___ THE DATA ___

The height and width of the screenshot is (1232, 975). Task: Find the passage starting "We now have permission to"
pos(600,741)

___
___ THE DATA ___

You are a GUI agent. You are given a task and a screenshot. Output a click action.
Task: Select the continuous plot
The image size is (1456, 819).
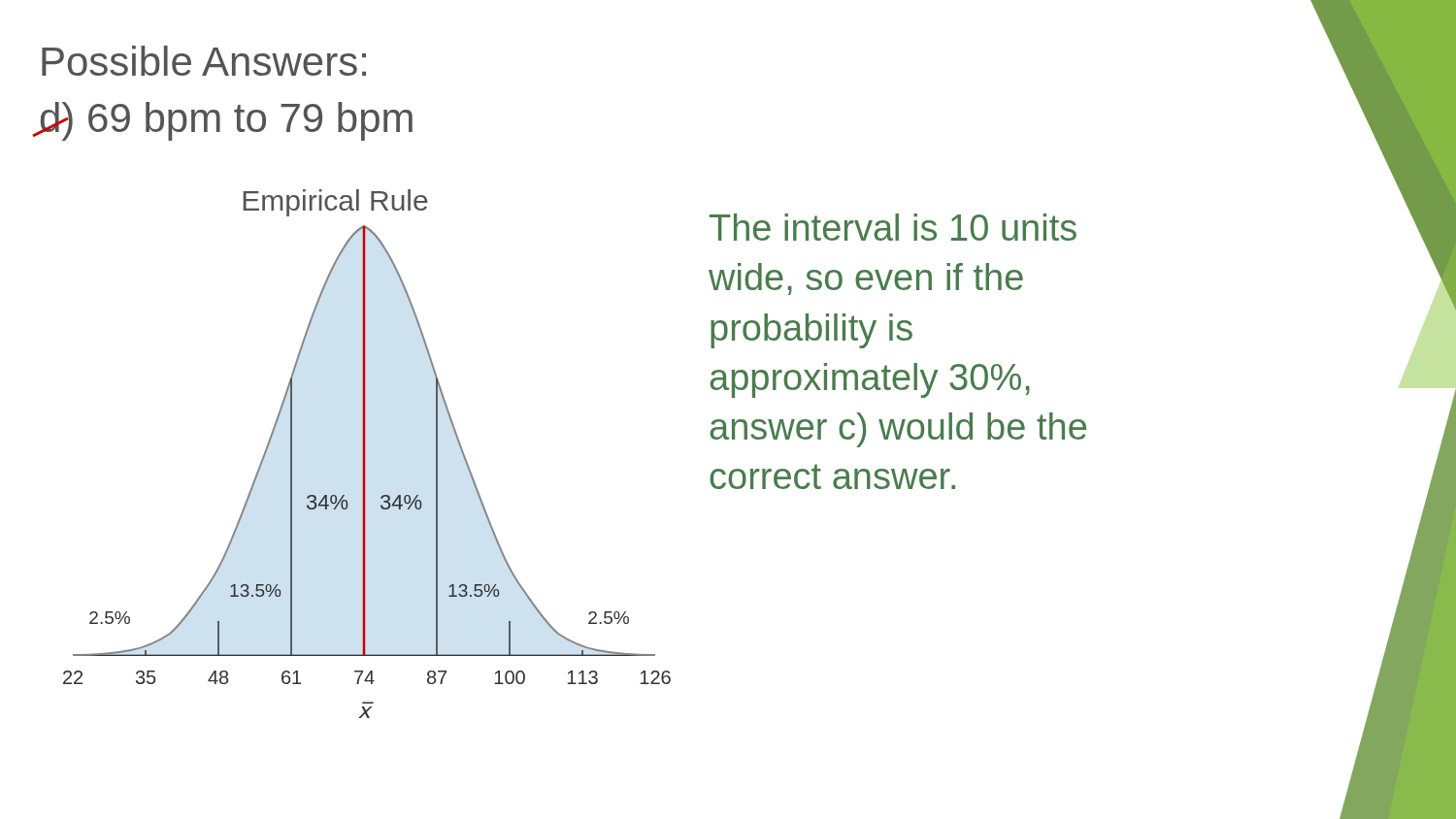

___

YOUR GOAL: Of the lines above, output exactly those from the line bearing "You are a GUI" through the line bearing "The image size is (1456, 819).", inclusive.

REPLY:
You are a GUI agent. You are given a task and a screenshot. Output a click action.
Task: Select the continuous plot
The image size is (1456, 819).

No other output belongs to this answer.